▶ _Data records_:
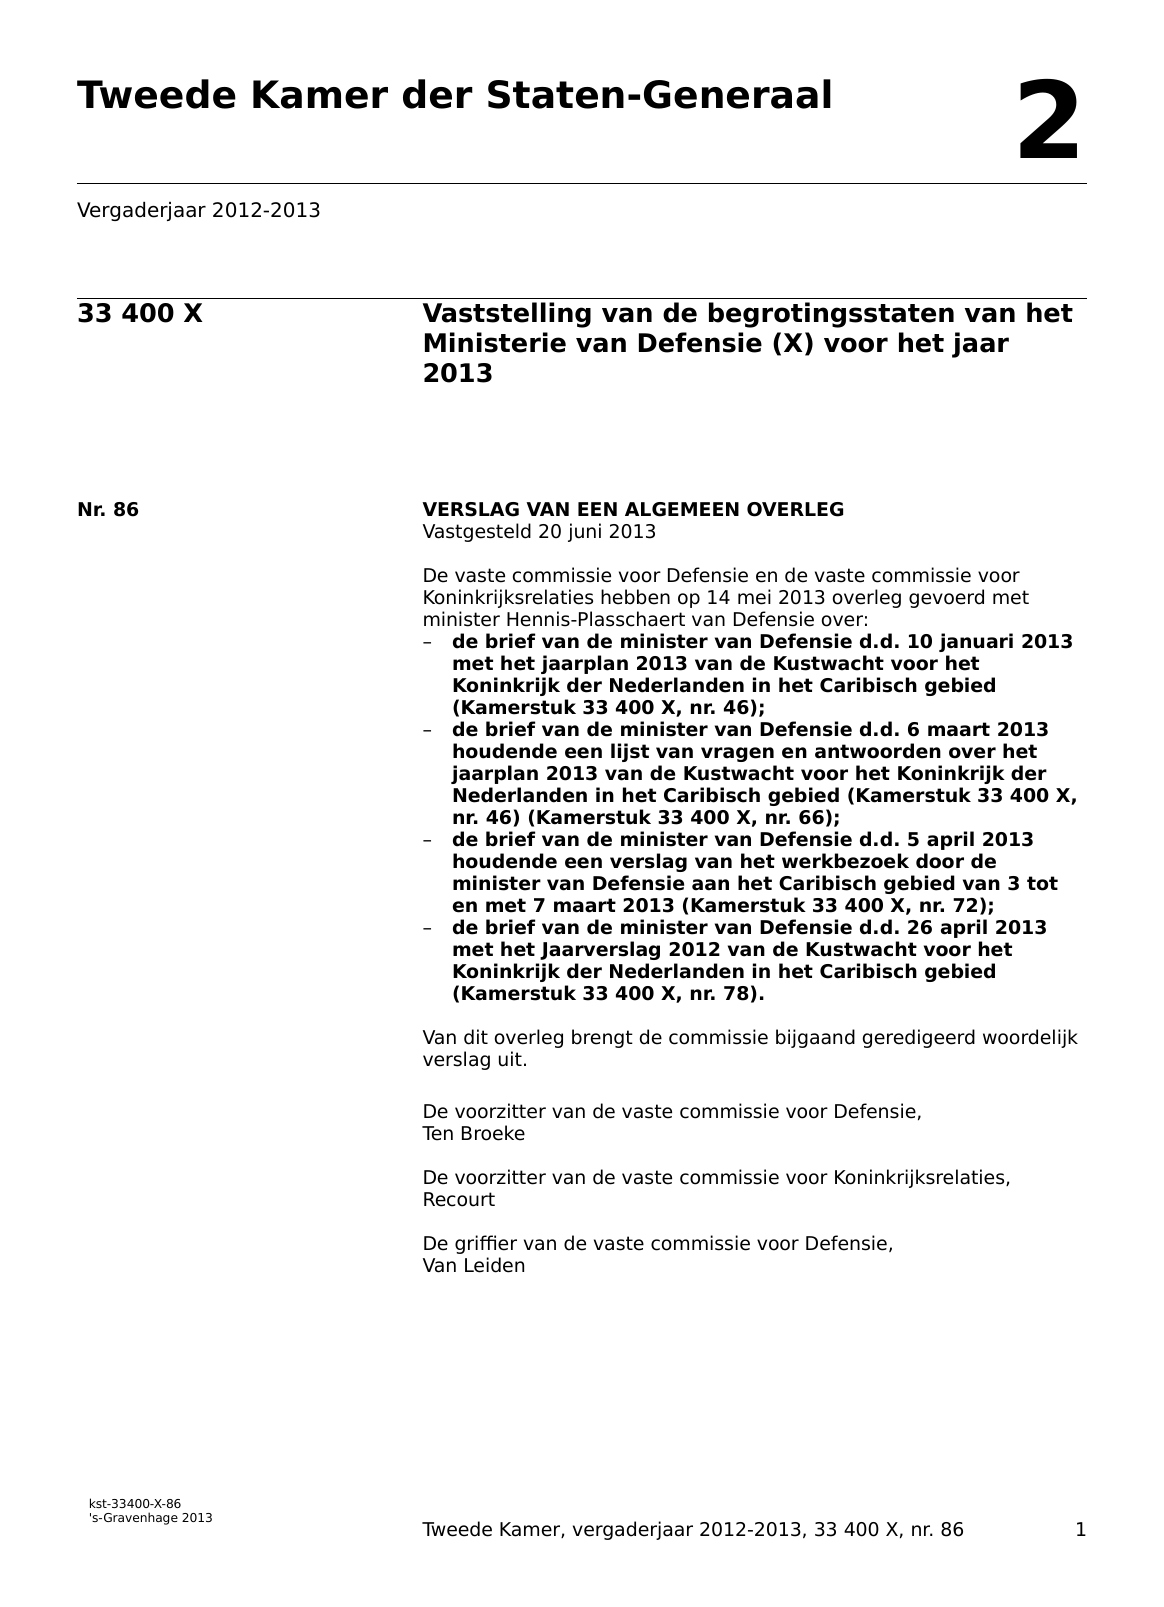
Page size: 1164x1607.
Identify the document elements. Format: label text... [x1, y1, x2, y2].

text kst-33400-X-86 [88, 1497, 323, 1511]
text – de brief van de minister van Defensie d.d. 10 januari 2013 met het jaarplan 2013 van de Kustwacht voor het Koninkrijk der Nederlanden in het Caribisch gebied (Kamerstuk 33 400 X, nr. 46); [422, 631, 1087, 719]
table_header Tweede Kamer der Staten-Generaal [77, 59, 886, 183]
text – de brief van de minister van Defensie d.d. 5 april 2013 houdende een verslag van het werkbezoek door de minister van Defensie aan het Caribisch gebied van 3 tot en met 7 maart 2013 (Kamerstuk 33 400 X, nr. 72); [422, 829, 1087, 917]
text De griffier van de vaste commissie voor Defensie, Van Leiden [422, 1233, 1087, 1277]
text De voorzitter van de vaste commissie voor Defensie, Ten Broeke [422, 1101, 1087, 1145]
text Vastgesteld 20 juni 2013 [422, 521, 1087, 543]
text De vaste commissie voor Defensie en de vaste commissie voor Koninkrijksrelaties hebben op 14 mei 2013 overleg gevoerd met minister Hennis-Plasschaert van Defensie over: [422, 565, 1087, 631]
table_header 2 [886, 59, 1087, 183]
subtitle 33 400 X Vaststelling van de begrotingsstaten van het Ministerie van Defensie (X) voor het jaar 2013 [77, 299, 1087, 388]
text De voorzitter van de vaste commissie voor Koninkrijksrelaties, Recourt [422, 1167, 1087, 1211]
text – de brief van de minister van Defensie d.d. 6 maart 2013 houdende een lijst van vragen en antwoorden over het jaarplan 2013 van de Kustwacht voor het Koninkrijk der Nederlanden in het Caribisch gebied (Kamerstuk 33 400 X, nr. 46) (Kamerstuk 33 400 X, nr. 66); [422, 719, 1087, 829]
text – de brief van de minister van Defensie d.d. 26 april 2013 met het Jaarverslag 2012 van de Kustwacht voor het Koninkrijk der Nederlanden in het Caribisch gebied (Kamerstuk 33 400 X, nr. 78). [422, 917, 1087, 1005]
text 's-Gravenhage 2013 [88, 1511, 323, 1525]
subtitle Nr. 86 VERSLAG VAN EEN ALGEMEEN OVERLEG [77, 499, 1087, 521]
table_cell Vergaderjaar 2012-2013 [77, 184, 1087, 298]
text Van dit overleg brengt de commissie bijgaand geredigeerd woordelijk verslag uit. [422, 1027, 1087, 1071]
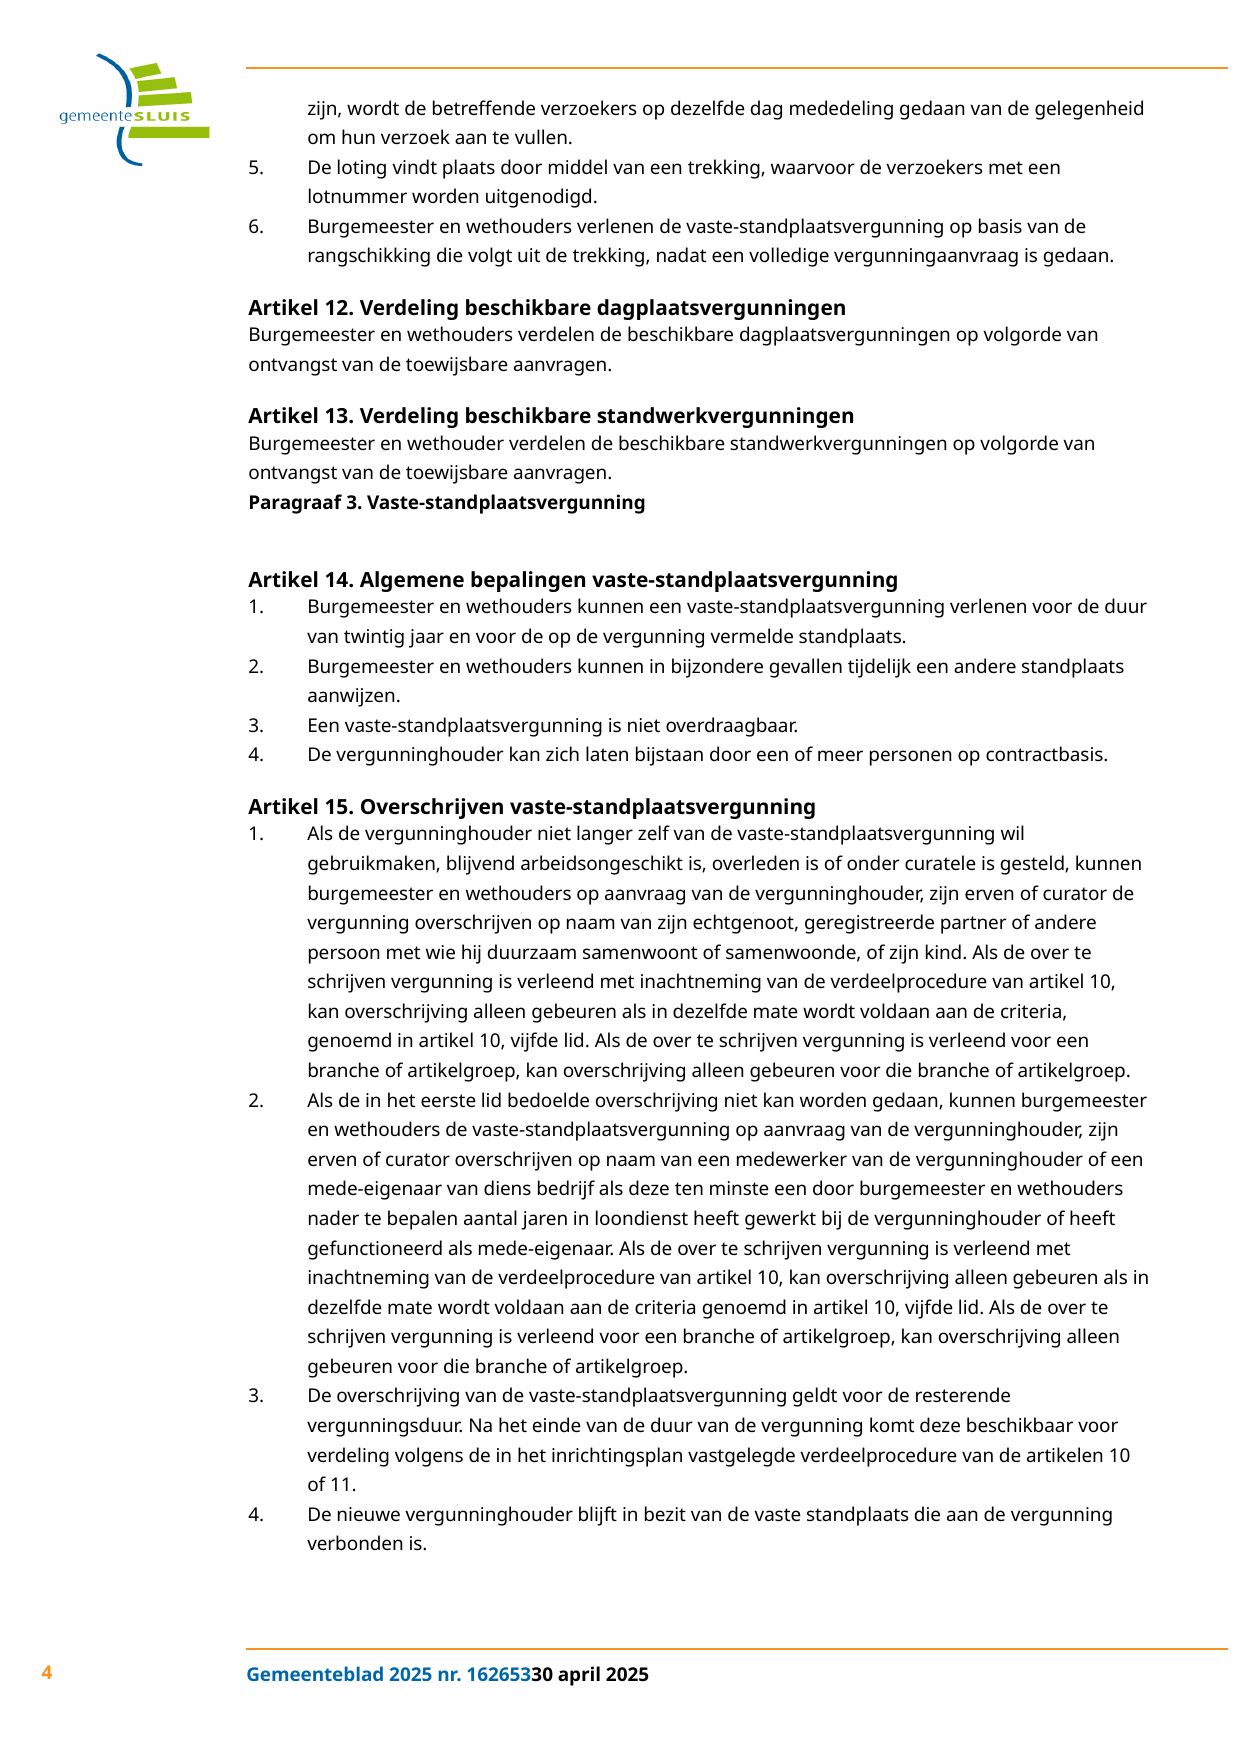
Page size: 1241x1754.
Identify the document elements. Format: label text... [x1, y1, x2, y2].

list Een vaste-standplaatsvergunning is niet overdraagbaar. [248, 712, 1152, 738]
list De loting vindt plaats door middel van een trekking, waarvoor de verzoekers met een lotnummer worden uitgenodigd. [248, 154, 1152, 209]
list Burgemeester en wethouders kunnen een vaste-standplaatsvergunning verlenen voor de duur van twintig jaar en voor de op de vergunning vermelde standplaats. [248, 594, 1152, 649]
text Artikel 13. Verdeling beschikbare standwerkvergunningen [248, 402, 1152, 430]
list zijn, wordt de betreffende verzoekers op dezelfde dag mededeling gedaan van de gelegenheid om hun verzoek aan te vullen. [248, 95, 1152, 150]
list Als de vergunninghouder niet langer zelf van de vaste-standplaatsvergunning wil gebruikmaken, blijvend arbeidsongeschikt is, overleden is of onder curatele is gesteld, kunnen burgemeester en wethouders op aanvraag van de vergunninghouder, zijn erven of curator de vergunning overschrijven op naam van zijn echtgenoot, geregistreerde partner of andere persoon met wie hij duurzaam samenwoont of samenwoonde, of zijn kind. Als de over te schrijven vergunning is verleend met inachtneming van de verdeelprocedure van artikel 10, kan overschrijving alleen gebeuren als in dezelfde mate wordt voldaan aan de criteria, genoemd in artikel 10, vijfde lid. Als de over te schrijven vergunning is verleend voor een branche of artikelgroep, kan overschrijving alleen gebeuren voor die branche of artikelgroep. [248, 821, 1152, 1083]
list De vergunninghouder kan zich laten bijstaan door een of meer personen op contractbasis. [248, 742, 1152, 767]
list Burgemeester en wethouders verlenen de vaste-standplaatsvergunning op basis van de rangschikking die volgt uit de trekking, nadat een volledige vergunningaanvraag is gedaan. [248, 213, 1152, 268]
text Artikel 14. Algemene bepalingen vaste-standplaatsvergunning [248, 565, 1152, 594]
text Burgemeester en wethouders verdelen de beschikbare dagplaatsvergunningen op volgorde van ontvangst van de toewijsbare aanvragen. [248, 322, 1152, 377]
text Artikel 15. Overschrijven vaste-standplaatsvergunning [248, 792, 1152, 821]
text Burgemeester en wethouder verdelen de beschikbare standwerkvergunningen op volgorde van ontvangst van de toewijsbare aanvragen. [248, 430, 1152, 485]
list De overschrijving van de vaste-standplaatsvergunning geldt voor de resterende vergunningsduur. Na het einde van de duur van de vergunning komt deze beschikbaar voor verdeling volgens de in het inrichtingsplan vastgelegde verdeelprocedure van de artikelen 10 of 11. [248, 1383, 1152, 1497]
text Artikel 12. Verdeling beschikbare dagplaatsvergunningen [248, 293, 1152, 322]
text Paragraaf 3. Vaste-standplaatsvergunning [248, 489, 1152, 515]
list Als de in het eerste lid bedoelde overschrijving niet kan worden gedaan, kunnen burgemeester en wethouders de vaste-standplaatsvergunning op aanvraag van de vergunninghouder, zijn erven of curator overschrijven op naam van een medewerker van de vergunninghouder of een mede-eigenaar van diens bedrijf als deze ten minste een door burgemeester en wethouders nader te bepalen aantal jaren in loondienst heeft gewerkt bij de vergunninghouder of heeft gefunctioneerd als mede-eigenaar. Als de over te schrijven vergunning is verleend met inachtneming van de verdeelprocedure van artikel 10, kan overschrijving alleen gebeuren als in dezelfde mate wordt voldaan aan de criteria genoemd in artikel 10, vijfde lid. Als de over te schrijven vergunning is verleend voor een branche of artikelgroep, kan overschrijving alleen gebeuren voor die branche of artikelgroep. [248, 1087, 1152, 1379]
picture [41, 47, 231, 172]
list Burgemeester en wethouders kunnen in bijzondere gevallen tijdelijk een andere standplaats aanwijzen. [248, 653, 1152, 708]
list De nieuwe vergunninghouder blijft in bezit van de vaste standplaats die aan de vergunning verbonden is. [248, 1501, 1152, 1556]

▶ _EXERCISE PROMPT_: Take exactly the lines from the one containing "text kst-33400-X-86 [88, 1497, 323, 1511]" through the one containing "table_header Tweede Kamer" in the data above, and output them with nothing added.

▶ _RESPONSE AREA_:
text kst-33400-X-86 [88, 1497, 323, 1511]
text – de brief van de minister van Defensie d.d. 10 januari 2013 met het jaarplan 2013 van de Kustwacht voor het Koninkrijk der Nederlanden in het Caribisch gebied (Kamerstuk 33 400 X, nr. 46); [422, 631, 1087, 719]
table_header Tweede Kamer der Staten-Generaal [77, 59, 886, 183]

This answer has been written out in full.